Мне, право, очень жаль вас, моя дорогая леди. Вы так еще молоды - и фигурировать на суде...

О, все что хотите - только не это! Ну хотите - хотите...- Руки леди лебедино белели в лохматой темноте.

Ну, хорошо: только - ради вас, очаровательная леди. Обещайте, что вы больше ни-ког-да...

О, вы такой.. милосердный... как Бог. Обещаю вам - о, обещаю!

Одной клешней все еще держа обмякшего, убитого Адама, другою - Краггс вытащил свисток и вложил в рот:

Вот видите: один шаг - и я свистну...- Он отпустил пленника. Оглядел его с шелковых носков до головы, прикинул на глаз - и коротко бросил:

Пятьдесят гиней.

Пятьдесят... гиней? - сделал тот шаг на Краггса. Свисток Краггса заверещал - еще пока чуть слышно, но сейчас... Пленник остановился.

Ну? У вас чековая книжка с собой? Я вам посвечу,- любезно предложил мистер Краггс, вытащил карманный электрический фонарик.

Пленник, скрипя зубами, писал чек в Лондон-Сити-энд-Мидланд-Бэнк. Леди остолбенелыми глазами плыла со своим зонтиком: зонтик медленно и навеки исчезал в лохматой темноте. Мистер Краггс, держа свисток в зубах, улыбался: два месяца были обеспечены. Пятьдесят гиней! Так везло мистеру Краггсу не часто.

Темно. Дверь в соседнюю комнату прикрыта неплотно. Сквозь дверную щель - по потолку полоса света: ходят с лампой, что-то случилось. Полоса движется все быстрей, и темные стены - все дальше, в бесконечность, и эта комната - Лондон, и тысячи дверей, мечутся лампы, мечутся полосы по потолку. И может быть - все бред...

Что-то случилось. Черное небо над Лондоном - треснуло на кусочки: белые треугольники, квадраты, линии - безмолвный, геометрический бред прожекторов. Куда-то пронеслись стремглав ослепшие слоно-автобусы с потушенными огнями. По асфальту топот запоздалых пар - отчетливо - лихорадочный пульс - замер. Всюду захлопывались двери, гасли огни. И вот - выметенный мгновенной чумой, опустелый, гулкий, геометрический город: безмолвные купола, пирамиды, окружности, дуги, башни, зубцы.

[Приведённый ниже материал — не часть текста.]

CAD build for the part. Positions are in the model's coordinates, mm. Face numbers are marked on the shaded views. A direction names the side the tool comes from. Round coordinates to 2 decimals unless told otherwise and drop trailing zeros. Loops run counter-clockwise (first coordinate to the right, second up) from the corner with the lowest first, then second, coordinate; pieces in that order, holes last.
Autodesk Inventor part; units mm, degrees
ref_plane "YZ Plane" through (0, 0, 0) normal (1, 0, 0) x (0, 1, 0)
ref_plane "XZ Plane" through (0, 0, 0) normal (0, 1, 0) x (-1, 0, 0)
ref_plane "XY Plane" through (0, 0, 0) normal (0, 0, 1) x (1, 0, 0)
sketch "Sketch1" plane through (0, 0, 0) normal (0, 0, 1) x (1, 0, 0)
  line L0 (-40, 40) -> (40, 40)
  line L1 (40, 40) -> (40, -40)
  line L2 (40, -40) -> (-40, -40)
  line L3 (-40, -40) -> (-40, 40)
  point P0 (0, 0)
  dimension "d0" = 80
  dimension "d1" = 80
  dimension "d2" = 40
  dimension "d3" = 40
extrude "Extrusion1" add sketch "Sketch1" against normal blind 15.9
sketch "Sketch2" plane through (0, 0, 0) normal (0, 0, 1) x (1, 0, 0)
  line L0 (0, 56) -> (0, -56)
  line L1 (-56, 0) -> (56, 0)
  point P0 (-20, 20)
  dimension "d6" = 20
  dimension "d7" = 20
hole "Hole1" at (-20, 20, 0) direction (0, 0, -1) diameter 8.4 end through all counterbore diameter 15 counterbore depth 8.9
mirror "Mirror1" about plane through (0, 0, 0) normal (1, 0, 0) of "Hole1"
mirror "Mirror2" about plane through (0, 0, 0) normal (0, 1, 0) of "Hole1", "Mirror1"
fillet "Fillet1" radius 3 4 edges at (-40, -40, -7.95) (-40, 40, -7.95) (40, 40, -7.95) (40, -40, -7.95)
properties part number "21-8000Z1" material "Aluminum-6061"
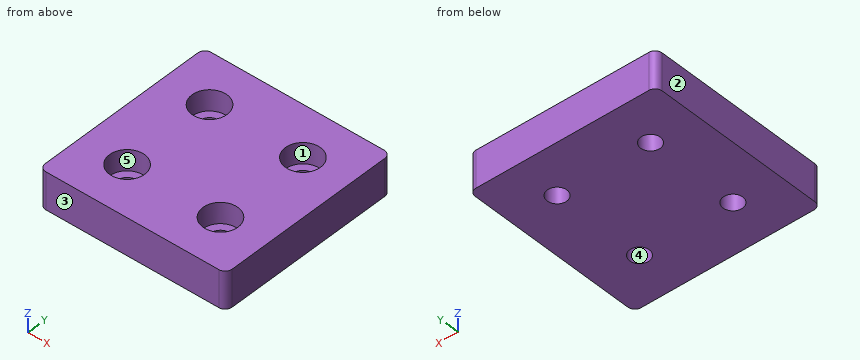
Item 1: Flat gauge pins, fed straight in: P1, Ø7.5, axis at x = 21.5, y = -20.5, coming from the +Z side; P2, Ø7.5, axis at x = 20, y = 20, coming from the -Z side; P3, Ø24, axis at x = -20, y = -20, coming from the -Z side. Where does each tip first touch, or does it go through?
Verdict:
P1: stops at z = -8.9
P2: passes through
P3: stops at z = -15.9
Item 2: Cut at B-B (z = -6). List the corners of the cut face in (x, y), plus the area to 3 significant figures.
Verdict:
outline: (-40, -37) arc R3 ccw to (-37, -40) - (37, -40) arc R3 ccw to (40, -37) - (40, 37) arc R3 ccw to (37, 40) - (-37, 40) arc R3 ccw to (-40, 37) - close; hole circle Ø15 at (-20, -20); hole circle Ø15 at (-20, 20); hole circle Ø15 at (20, -20); hole circle Ø15 at (20, 20)
area: 5,690 mm2
Item 3: 3-axis set-ups, long thin cutter, end or side, ignore diameter. For the marked faces 4 and 5: which of +Z, -Z, +X, -X, +Y, -Y reach the whole face in a straight line?
Verdict:
face 4: +Z, -Z
face 5: +Z
Item 4: Cut at A-A (y = -20). List the corners of the cut face in (x, z), plus the area to 3 significant figures.
Verdict:
outline: (-40, -15.9) - (-24.2, -15.9) - (-24.2, -8.9) - (-27.5, -8.9) - (-27.5, 0) - (-40, 0) - close; (-15.8, -15.9) - (15.8, -15.9) - (15.8, -8.9) - (12.5, -8.9) - (12.5, 0) - (-12.5, 0) - (-12.5, -8.9) - (-15.8, -8.9) - close; (24.2, -15.9) - (40, -15.9) - (40, 0) - (27.5, 0) - (27.5, -8.9) - (24.2, -8.9) - close
area: 887 mm2
Item 5: Wall check: L1, parallel to X at y = -20, z = -13.75; L2, parallel to X at y = -20, z = -1.75; L3, parallel to Y at x = -22, z = -8.75. Give the ranges that are in metal, low to high.
Verdict:
L1: x = -40 to -24.2, -15.8 to 15.8, 24.2 to 40
L2: x = -40 to -27.5, -12.5 to 12.5, 27.5 to 40
L3: y = -40 to -27.23, -12.77 to 12.77, 27.23 to 40
Item 6: Mould opens along Y. For the marked faces 1, 2 and 3 say: released by +Y, released by -Y, zero draft, split by the parting line, or undercut.
Verdict:
face 1: undercut
face 2: zero draft
face 3: released by -Y
Item 7: Cut at D-D (x = 26). List the corners of the cut face in (y, z), plus the area to 3 significant figures.
Verdict:
outline: (-40, -15.9) - (40, -15.9) - (40, 0) - (24.5, 0) - (24.5, -8.9) - (15.5, -8.9) - (15.5, 0) - (-15.5, 0) - (-15.5, -8.9) - (-24.5, -8.9) - (-24.5, 0) - (-40, 0) - close
area: 1,110 mm2

Секунду тишина вспухала, истончалась, как мыльный пузырь, и - лопнула. Загудели, затопали издали бомбами чугунные ступни. Все выше, до неба, бредовое, обрубленное существо - ноги и брюхо - тупо, слепо вытопывало бомбами по кубическим муравьиным кочкам и муравьям внизу. Цеппелины...

Лифты не успевали глотать: муравьи сыпались вниз по запасным лестницам. Висли на подножках, с грохотом неслись в трубах - все равно куда, вылезали - все равно где. И толпились в бредовом подземном мире с нависшим бетонным небом, перепутанными пещерами, лестницами, солнцами, киосками, автоматами.

Цеппелины над Лондоном! Экстра-экстренный выпуск! - шныряли механические, заводные мальчишки.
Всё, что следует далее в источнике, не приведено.